The company’s regulated electric and gas utilities provide a stable earnings base, but the competitive generation business faces market risks around fuel costs, power prices, and customer demand. Southern Power’s ability to recontract expiring power purchase agreements and develop new renewable projects will be crucial.

Southern Company Gas must also navigate potential policy changes that could limit natural gas usage, while capitalizing on growth opportunities in its gas distribution and pipeline investment businesses. Managing the volatility of natural gas prices will be an ongoing challenge.

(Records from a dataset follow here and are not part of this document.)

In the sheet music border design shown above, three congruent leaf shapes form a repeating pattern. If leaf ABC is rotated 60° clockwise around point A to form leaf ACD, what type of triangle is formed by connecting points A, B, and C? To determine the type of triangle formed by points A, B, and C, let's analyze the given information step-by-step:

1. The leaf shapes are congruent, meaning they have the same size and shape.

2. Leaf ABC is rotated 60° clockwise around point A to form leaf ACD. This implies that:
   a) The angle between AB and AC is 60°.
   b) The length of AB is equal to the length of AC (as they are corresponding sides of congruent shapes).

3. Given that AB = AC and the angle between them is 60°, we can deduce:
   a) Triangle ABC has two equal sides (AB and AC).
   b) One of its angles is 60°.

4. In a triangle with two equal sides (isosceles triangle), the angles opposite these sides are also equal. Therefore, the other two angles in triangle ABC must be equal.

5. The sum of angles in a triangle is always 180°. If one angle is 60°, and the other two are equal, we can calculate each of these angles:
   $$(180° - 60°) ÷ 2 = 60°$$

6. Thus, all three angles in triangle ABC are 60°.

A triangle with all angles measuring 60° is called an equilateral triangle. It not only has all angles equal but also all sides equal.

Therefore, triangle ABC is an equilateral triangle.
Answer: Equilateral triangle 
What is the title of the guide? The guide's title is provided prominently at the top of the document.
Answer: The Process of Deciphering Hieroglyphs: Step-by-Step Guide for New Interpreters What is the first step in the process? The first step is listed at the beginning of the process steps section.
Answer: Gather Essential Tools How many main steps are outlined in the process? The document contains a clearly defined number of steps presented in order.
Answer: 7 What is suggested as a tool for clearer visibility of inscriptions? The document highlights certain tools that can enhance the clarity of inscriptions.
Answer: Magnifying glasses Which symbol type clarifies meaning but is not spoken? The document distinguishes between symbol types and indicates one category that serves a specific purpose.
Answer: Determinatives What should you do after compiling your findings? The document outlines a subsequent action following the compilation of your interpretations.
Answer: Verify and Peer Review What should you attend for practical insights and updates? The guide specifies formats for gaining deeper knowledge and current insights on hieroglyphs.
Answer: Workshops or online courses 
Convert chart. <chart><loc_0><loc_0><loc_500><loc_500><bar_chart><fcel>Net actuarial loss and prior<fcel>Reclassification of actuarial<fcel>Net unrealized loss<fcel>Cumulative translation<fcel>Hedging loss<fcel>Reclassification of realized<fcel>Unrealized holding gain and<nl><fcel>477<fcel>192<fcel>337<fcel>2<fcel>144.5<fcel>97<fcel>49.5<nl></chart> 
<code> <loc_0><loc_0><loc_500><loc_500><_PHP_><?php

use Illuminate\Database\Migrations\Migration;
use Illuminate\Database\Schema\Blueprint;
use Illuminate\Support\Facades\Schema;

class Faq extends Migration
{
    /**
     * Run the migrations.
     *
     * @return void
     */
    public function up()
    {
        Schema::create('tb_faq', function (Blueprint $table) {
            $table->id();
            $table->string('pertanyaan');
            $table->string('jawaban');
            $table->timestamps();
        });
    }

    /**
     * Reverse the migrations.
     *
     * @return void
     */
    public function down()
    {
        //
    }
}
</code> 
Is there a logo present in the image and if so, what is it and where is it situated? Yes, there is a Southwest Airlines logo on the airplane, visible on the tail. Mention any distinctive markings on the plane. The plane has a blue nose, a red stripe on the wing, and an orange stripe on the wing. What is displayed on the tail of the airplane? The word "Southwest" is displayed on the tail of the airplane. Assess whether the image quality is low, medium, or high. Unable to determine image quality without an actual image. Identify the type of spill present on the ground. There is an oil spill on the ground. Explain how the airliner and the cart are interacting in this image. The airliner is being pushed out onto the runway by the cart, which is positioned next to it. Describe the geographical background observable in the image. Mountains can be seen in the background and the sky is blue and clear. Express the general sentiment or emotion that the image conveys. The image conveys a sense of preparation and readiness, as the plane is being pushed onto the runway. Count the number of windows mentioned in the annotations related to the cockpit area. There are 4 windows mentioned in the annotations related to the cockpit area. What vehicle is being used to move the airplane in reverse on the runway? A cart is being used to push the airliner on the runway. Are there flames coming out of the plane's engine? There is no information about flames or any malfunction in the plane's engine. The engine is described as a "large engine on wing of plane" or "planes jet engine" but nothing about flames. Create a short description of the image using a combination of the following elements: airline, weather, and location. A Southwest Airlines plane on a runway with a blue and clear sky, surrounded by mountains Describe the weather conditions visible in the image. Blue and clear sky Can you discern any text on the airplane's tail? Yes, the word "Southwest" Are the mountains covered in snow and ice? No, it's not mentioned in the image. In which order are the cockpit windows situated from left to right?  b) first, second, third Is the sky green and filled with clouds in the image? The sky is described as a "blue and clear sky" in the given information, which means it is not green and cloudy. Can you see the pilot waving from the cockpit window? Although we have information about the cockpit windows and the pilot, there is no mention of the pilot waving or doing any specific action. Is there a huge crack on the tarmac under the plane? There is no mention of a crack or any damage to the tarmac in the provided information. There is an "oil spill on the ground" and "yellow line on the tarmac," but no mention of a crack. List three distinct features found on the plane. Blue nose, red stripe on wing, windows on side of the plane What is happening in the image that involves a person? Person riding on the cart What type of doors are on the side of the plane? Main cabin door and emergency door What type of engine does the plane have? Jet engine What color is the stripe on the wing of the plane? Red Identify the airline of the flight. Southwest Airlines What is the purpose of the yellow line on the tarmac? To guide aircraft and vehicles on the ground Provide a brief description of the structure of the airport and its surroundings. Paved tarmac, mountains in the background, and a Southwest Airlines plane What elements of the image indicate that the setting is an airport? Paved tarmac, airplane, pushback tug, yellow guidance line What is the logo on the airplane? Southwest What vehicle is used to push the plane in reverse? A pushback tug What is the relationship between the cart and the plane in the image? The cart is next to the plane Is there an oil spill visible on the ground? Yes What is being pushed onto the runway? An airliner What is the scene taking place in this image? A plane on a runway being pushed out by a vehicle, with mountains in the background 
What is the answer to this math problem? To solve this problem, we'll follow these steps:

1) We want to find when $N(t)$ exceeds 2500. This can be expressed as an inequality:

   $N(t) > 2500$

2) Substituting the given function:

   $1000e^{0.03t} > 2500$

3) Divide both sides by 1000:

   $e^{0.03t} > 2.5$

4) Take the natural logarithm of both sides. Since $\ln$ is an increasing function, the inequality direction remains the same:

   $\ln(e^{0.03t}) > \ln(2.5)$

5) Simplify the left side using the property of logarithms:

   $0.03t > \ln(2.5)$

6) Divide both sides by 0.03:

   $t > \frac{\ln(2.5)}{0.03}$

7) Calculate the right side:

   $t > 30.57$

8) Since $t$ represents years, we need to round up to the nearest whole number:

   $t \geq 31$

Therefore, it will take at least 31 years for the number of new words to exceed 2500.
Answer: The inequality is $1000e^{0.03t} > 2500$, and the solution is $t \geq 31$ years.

Overall, Southern Company appears well-positioned to navigate the complex operating environment, but will need to continue executing its strategic priorities around operational excellence, cost management, and prudent capital allocation to sustain earnings growth and shareholder value over the long term.

Disclaimer:This article represents the opinion of the author only. It does not represent the opinion of Webull, nor should it be viewed as an indication that Webull either agrees with or confirms the truthfulness or accuracy of the information. It should not be considered as investment advice from Webull or anyone else, nor should it be used as the basis of any investment decision.